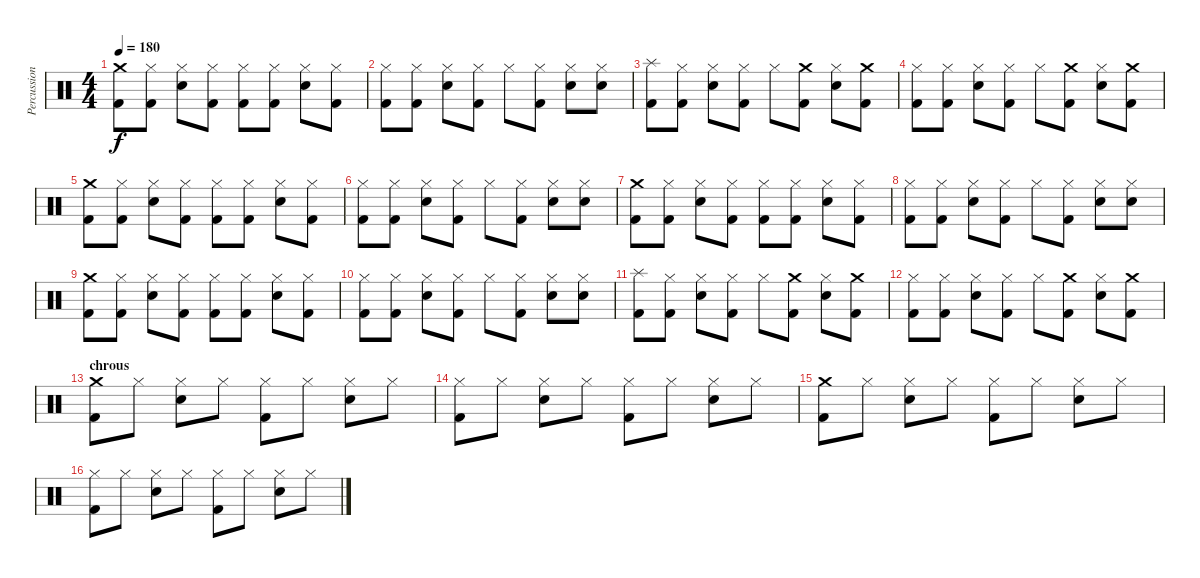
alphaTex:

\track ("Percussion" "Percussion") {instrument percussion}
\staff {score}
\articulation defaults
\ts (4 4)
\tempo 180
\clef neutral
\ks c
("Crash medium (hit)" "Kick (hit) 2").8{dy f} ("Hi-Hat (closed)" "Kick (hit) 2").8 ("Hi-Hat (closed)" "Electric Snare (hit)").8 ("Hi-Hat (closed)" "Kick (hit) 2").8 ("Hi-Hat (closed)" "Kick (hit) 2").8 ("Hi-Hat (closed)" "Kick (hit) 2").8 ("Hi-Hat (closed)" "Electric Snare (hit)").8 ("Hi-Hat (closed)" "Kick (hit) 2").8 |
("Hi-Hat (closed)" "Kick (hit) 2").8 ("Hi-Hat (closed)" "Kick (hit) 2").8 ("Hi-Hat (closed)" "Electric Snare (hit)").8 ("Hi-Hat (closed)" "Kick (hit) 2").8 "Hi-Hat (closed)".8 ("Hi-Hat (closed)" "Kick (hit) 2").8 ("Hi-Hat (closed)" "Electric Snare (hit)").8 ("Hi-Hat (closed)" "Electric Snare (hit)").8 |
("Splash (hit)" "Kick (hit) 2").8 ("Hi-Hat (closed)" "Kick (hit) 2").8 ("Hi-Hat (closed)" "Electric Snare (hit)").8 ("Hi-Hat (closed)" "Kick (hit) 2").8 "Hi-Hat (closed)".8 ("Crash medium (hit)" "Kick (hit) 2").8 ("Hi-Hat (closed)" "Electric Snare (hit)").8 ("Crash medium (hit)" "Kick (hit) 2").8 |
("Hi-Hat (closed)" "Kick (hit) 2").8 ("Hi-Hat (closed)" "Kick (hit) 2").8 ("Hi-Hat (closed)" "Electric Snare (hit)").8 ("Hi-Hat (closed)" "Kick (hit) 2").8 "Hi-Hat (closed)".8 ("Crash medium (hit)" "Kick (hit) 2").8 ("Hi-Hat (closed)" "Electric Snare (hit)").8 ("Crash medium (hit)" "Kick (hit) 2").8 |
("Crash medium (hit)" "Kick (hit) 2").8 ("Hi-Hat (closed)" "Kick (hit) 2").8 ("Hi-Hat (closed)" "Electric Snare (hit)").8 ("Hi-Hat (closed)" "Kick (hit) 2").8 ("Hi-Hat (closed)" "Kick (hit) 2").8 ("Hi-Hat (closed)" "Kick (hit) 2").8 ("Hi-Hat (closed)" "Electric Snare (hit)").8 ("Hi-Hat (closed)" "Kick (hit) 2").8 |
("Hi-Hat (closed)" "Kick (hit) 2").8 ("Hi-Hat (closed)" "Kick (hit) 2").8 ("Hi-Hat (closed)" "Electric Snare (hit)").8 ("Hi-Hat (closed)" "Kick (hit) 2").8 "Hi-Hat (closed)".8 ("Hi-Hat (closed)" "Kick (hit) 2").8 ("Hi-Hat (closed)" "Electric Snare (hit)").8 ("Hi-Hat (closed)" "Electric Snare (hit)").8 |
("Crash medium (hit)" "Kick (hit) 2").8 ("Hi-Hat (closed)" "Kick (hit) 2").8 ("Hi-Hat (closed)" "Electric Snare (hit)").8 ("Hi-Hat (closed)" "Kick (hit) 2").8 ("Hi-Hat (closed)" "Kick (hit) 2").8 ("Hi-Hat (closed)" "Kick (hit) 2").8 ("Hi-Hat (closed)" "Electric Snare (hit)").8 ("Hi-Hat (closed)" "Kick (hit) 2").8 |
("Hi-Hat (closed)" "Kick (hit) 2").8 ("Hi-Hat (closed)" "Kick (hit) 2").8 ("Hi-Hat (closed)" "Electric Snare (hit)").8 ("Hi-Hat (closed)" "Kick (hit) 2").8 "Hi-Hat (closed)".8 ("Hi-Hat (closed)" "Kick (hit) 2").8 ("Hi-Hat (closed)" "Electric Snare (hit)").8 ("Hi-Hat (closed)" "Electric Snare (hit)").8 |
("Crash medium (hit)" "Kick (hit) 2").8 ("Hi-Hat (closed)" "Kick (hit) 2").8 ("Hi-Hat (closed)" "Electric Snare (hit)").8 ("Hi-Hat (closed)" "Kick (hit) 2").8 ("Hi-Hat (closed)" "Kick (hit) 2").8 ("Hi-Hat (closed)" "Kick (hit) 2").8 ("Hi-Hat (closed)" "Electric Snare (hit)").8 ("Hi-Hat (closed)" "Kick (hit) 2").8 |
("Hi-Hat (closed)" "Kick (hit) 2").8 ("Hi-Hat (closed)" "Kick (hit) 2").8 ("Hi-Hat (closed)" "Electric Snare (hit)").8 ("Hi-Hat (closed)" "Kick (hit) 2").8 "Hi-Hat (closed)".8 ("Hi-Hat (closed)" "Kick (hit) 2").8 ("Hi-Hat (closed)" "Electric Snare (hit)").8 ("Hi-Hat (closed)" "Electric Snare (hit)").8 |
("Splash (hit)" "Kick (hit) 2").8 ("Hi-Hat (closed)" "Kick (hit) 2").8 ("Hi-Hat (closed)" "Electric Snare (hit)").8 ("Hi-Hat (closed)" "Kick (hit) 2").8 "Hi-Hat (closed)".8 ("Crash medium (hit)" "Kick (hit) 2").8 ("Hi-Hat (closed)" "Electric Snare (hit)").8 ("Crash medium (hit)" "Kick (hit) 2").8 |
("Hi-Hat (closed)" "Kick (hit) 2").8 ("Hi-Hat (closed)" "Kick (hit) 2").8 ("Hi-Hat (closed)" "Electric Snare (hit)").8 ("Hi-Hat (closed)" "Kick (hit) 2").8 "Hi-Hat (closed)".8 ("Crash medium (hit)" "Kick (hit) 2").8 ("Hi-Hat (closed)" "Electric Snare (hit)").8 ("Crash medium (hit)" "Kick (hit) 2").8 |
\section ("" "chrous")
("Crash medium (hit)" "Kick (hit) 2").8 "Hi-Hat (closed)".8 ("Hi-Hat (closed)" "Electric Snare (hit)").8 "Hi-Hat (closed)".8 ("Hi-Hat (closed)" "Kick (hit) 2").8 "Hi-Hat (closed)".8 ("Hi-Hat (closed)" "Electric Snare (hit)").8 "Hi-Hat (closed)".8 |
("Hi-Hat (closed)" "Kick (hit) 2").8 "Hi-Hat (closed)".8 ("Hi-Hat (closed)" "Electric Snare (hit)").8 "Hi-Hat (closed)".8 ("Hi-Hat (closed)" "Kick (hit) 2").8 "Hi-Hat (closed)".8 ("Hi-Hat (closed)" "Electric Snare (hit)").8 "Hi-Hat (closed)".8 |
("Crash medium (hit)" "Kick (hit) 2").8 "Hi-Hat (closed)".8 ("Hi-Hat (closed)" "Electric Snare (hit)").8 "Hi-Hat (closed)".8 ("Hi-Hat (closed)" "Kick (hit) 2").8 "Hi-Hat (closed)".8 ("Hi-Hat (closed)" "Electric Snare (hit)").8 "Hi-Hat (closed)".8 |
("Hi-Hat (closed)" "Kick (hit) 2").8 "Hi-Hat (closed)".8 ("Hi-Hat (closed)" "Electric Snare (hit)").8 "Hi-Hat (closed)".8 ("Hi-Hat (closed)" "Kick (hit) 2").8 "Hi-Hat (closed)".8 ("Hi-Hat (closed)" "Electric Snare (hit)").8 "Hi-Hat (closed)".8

——————————

Directions:
In the copy, no picture may appear; the records themselves must be output exactly.

Task solution:
alphaTex:

\track ("Percussion" "Percussion") {instrument percussion}
\staff {score}
\articulation defaults
\ts (4 4)
\tempo 180
\clef neutral
\ks c
("Crash medium (hit)" "Kick (hit) 2").8{dy f} ("Hi-Hat (closed)" "Kick (hit) 2").8 ("Hi-Hat (closed)" "Electric Snare (hit)").8 ("Hi-Hat (closed)" "Kick (hit) 2").8 ("Hi-Hat (closed)" "Kick (hit) 2").8 ("Hi-Hat (closed)" "Kick (hit) 2").8 ("Hi-Hat (closed)" "Electric Snare (hit)").8 ("Hi-Hat (closed)" "Kick (hit) 2").8 |
("Hi-Hat (closed)" "Kick (hit) 2").8 ("Hi-Hat (closed)" "Kick (hit) 2").8 ("Hi-Hat (closed)" "Electric Snare (hit)").8 ("Hi-Hat (closed)" "Kick (hit) 2").8 "Hi-Hat (closed)".8 ("Hi-Hat (closed)" "Kick (hit) 2").8 ("Hi-Hat (closed)" "Electric Snare (hit)").8 ("Hi-Hat (closed)" "Electric Snare (hit)").8 |
("Splash (hit)" "Kick (hit) 2").8 ("Hi-Hat (closed)" "Kick (hit) 2").8 ("Hi-Hat (closed)" "Electric Snare (hit)").8 ("Hi-Hat (closed)" "Kick (hit) 2").8 "Hi-Hat (closed)".8 ("Crash medium (hit)" "Kick (hit) 2").8 ("Hi-Hat (closed)" "Electric Snare (hit)").8 ("Crash medium (hit)" "Kick (hit) 2").8 |
("Hi-Hat (closed)" "Kick (hit) 2").8 ("Hi-Hat (closed)" "Kick (hit) 2").8 ("Hi-Hat (closed)" "Electric Snare (hit)").8 ("Hi-Hat (closed)" "Kick (hit) 2").8 "Hi-Hat (closed)".8 ("Crash medium (hit)" "Kick (hit) 2").8 ("Hi-Hat (closed)" "Electric Snare (hit)").8 ("Crash medium (hit)" "Kick (hit) 2").8 |
("Crash medium (hit)" "Kick (hit) 2").8 ("Hi-Hat (closed)" "Kick (hit) 2").8 ("Hi-Hat (closed)" "Electric Snare (hit)").8 ("Hi-Hat (closed)" "Kick (hit) 2").8 ("Hi-Hat (closed)" "Kick (hit) 2").8 ("Hi-Hat (closed)" "Kick (hit) 2").8 ("Hi-Hat (closed)" "Electric Snare (hit)").8 ("Hi-Hat (closed)" "Kick (hit) 2").8 |
("Hi-Hat (closed)" "Kick (hit) 2").8 ("Hi-Hat (closed)" "Kick (hit) 2").8 ("Hi-Hat (closed)" "Electric Snare (hit)").8 ("Hi-Hat (closed)" "Kick (hit) 2").8 "Hi-Hat (closed)".8 ("Hi-Hat (closed)" "Kick (hit) 2").8 ("Hi-Hat (closed)" "Electric Snare (hit)").8 ("Hi-Hat (closed)" "Electric Snare (hit)").8 |
("Crash medium (hit)" "Kick (hit) 2").8 ("Hi-Hat (closed)" "Kick (hit) 2").8 ("Hi-Hat (closed)" "Electric Snare (hit)").8 ("Hi-Hat (closed)" "Kick (hit) 2").8 ("Hi-Hat (closed)" "Kick (hit) 2").8 ("Hi-Hat (closed)" "Kick (hit) 2").8 ("Hi-Hat (closed)" "Electric Snare (hit)").8 ("Hi-Hat (closed)" "Kick (hit) 2").8 |
("Hi-Hat (closed)" "Kick (hit) 2").8 ("Hi-Hat (closed)" "Kick (hit) 2").8 ("Hi-Hat (closed)" "Electric Snare (hit)").8 ("Hi-Hat (closed)" "Kick (hit) 2").8 "Hi-Hat (closed)".8 ("Hi-Hat (closed)" "Kick (hit) 2").8 ("Hi-Hat (closed)" "Electric Snare (hit)").8 ("Hi-Hat (closed)" "Electric Snare (hit)").8 |
("Crash medium (hit)" "Kick (hit) 2").8 ("Hi-Hat (closed)" "Kick (hit) 2").8 ("Hi-Hat (closed)" "Electric Snare (hit)").8 ("Hi-Hat (closed)" "Kick (hit) 2").8 ("Hi-Hat (closed)" "Kick (hit) 2").8 ("Hi-Hat (closed)" "Kick (hit) 2").8 ("Hi-Hat (closed)" "Electric Snare (hit)").8 ("Hi-Hat (closed)" "Kick (hit) 2").8 |
("Hi-Hat (closed)" "Kick (hit) 2").8 ("Hi-Hat (closed)" "Kick (hit) 2").8 ("Hi-Hat (closed)" "Electric Snare (hit)").8 ("Hi-Hat (closed)" "Kick (hit) 2").8 "Hi-Hat (closed)".8 ("Hi-Hat (closed)" "Kick (hit) 2").8 ("Hi-Hat (closed)" "Electric Snare (hit)").8 ("Hi-Hat (closed)" "Electric Snare (hit)").8 |
("Splash (hit)" "Kick (hit) 2").8 ("Hi-Hat (closed)" "Kick (hit) 2").8 ("Hi-Hat (closed)" "Electric Snare (hit)").8 ("Hi-Hat (closed)" "Kick (hit) 2").8 "Hi-Hat (closed)".8 ("Crash medium (hit)" "Kick (hit) 2").8 ("Hi-Hat (closed)" "Electric Snare (hit)").8 ("Crash medium (hit)" "Kick (hit) 2").8 |
("Hi-Hat (closed)" "Kick (hit) 2").8 ("Hi-Hat (closed)" "Kick (hit) 2").8 ("Hi-Hat (closed)" "Electric Snare (hit)").8 ("Hi-Hat (closed)" "Kick (hit) 2").8 "Hi-Hat (closed)".8 ("Crash medium (hit)" "Kick (hit) 2").8 ("Hi-Hat (closed)" "Electric Snare (hit)").8 ("Crash medium (hit)" "Kick (hit) 2").8 |
\section ("" "chrous")
("Crash medium (hit)" "Kick (hit) 2").8 "Hi-Hat (closed)".8 ("Hi-Hat (closed)" "Electric Snare (hit)").8 "Hi-Hat (closed)".8 ("Hi-Hat (closed)" "Kick (hit) 2").8 "Hi-Hat (closed)".8 ("Hi-Hat (closed)" "Electric Snare (hit)").8 "Hi-Hat (closed)".8 |
("Hi-Hat (closed)" "Kick (hit) 2").8 "Hi-Hat (closed)".8 ("Hi-Hat (closed)" "Electric Snare (hit)").8 "Hi-Hat (closed)".8 ("Hi-Hat (closed)" "Kick (hit) 2").8 "Hi-Hat (closed)".8 ("Hi-Hat (closed)" "Electric Snare (hit)").8 "Hi-Hat (closed)".8 |
("Crash medium (hit)" "Kick (hit) 2").8 "Hi-Hat (closed)".8 ("Hi-Hat (closed)" "Electric Snare (hit)").8 "Hi-Hat (closed)".8 ("Hi-Hat (closed)" "Kick (hit) 2").8 "Hi-Hat (closed)".8 ("Hi-Hat (closed)" "Electric Snare (hit)").8 "Hi-Hat (closed)".8 |
("Hi-Hat (closed)" "Kick (hit) 2").8 "Hi-Hat (closed)".8 ("Hi-Hat (closed)" "Electric Snare (hit)").8 "Hi-Hat (closed)".8 ("Hi-Hat (closed)" "Kick (hit) 2").8 "Hi-Hat (closed)".8 ("Hi-Hat (closed)" "Electric Snare (hit)").8 "Hi-Hat (closed)".8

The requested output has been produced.